### Work to be completed
Going through the data below, copy out each line where the word "name" shows up.
◆ ◆ ◆ ◆ ◆
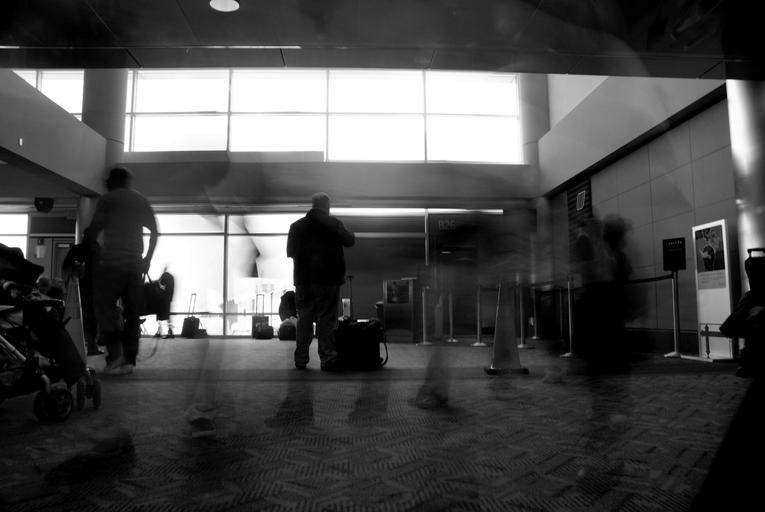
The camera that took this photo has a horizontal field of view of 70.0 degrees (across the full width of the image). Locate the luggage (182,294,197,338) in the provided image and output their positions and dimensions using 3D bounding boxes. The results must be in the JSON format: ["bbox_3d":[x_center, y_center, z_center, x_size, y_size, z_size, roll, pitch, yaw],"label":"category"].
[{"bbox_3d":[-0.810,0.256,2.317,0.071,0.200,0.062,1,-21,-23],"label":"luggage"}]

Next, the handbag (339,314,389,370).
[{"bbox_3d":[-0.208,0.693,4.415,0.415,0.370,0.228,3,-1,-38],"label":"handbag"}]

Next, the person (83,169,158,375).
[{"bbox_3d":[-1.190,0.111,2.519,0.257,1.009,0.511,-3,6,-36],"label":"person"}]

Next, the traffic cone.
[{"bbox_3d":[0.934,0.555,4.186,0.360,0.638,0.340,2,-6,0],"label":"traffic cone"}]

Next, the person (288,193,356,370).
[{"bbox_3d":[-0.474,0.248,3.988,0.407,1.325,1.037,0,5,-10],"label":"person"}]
◆ ◆ ◆ ◆ ◆
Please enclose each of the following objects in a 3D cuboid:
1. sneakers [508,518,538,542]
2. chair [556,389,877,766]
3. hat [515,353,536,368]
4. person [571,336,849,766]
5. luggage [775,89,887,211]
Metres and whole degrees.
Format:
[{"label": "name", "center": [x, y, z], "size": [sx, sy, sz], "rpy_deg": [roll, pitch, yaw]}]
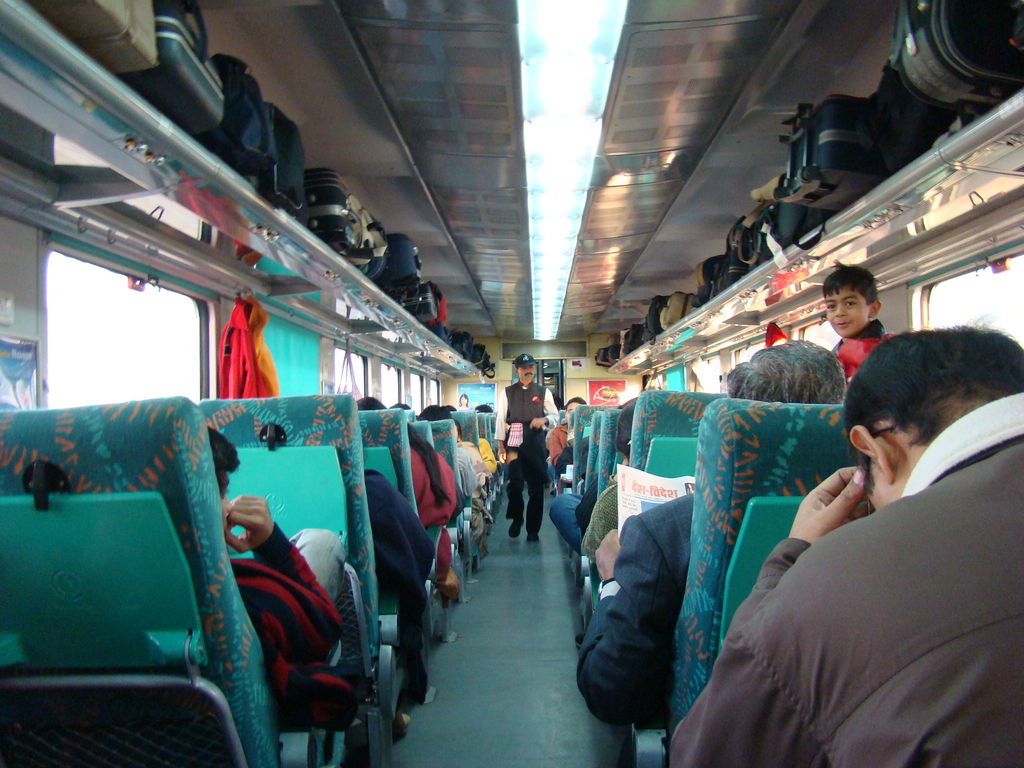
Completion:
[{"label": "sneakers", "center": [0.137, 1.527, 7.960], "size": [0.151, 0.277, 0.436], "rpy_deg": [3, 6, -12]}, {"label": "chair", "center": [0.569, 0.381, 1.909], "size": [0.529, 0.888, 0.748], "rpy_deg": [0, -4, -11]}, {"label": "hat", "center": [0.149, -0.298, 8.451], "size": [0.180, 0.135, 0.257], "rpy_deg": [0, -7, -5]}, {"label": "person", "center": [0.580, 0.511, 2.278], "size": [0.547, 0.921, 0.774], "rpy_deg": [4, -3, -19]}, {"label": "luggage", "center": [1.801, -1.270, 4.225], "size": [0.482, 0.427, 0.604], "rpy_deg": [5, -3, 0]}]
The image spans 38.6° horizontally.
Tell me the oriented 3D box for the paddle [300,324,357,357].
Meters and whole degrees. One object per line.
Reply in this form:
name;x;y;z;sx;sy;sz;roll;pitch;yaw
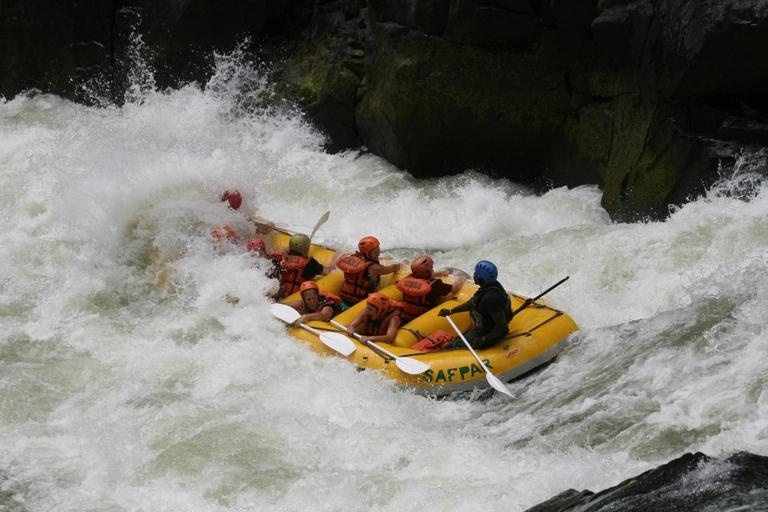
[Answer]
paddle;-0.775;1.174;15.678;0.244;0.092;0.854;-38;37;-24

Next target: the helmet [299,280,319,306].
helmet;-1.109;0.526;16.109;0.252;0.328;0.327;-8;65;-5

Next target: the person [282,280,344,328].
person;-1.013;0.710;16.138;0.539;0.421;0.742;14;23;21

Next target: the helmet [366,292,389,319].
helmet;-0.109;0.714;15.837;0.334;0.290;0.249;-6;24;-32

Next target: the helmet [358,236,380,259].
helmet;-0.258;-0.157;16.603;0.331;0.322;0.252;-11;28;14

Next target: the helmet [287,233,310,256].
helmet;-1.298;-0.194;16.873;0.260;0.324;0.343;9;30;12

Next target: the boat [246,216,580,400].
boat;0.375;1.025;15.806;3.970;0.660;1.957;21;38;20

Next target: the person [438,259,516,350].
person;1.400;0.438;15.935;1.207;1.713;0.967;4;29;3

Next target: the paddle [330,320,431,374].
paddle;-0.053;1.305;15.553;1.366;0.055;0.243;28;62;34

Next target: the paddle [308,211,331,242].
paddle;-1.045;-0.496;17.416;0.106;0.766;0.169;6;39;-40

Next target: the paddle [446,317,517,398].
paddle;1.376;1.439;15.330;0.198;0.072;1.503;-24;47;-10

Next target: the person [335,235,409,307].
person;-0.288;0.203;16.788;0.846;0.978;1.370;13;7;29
◆ ◆ ◆ ◆ ◆
### Output for this task
[{"label": "name", "center": [x, y, z], "size": [sx, sy, sz], "rpy_deg": [roll, pitch, yaw]}]
name;x;y;z;sx;sy;sz;roll;pitch;yaw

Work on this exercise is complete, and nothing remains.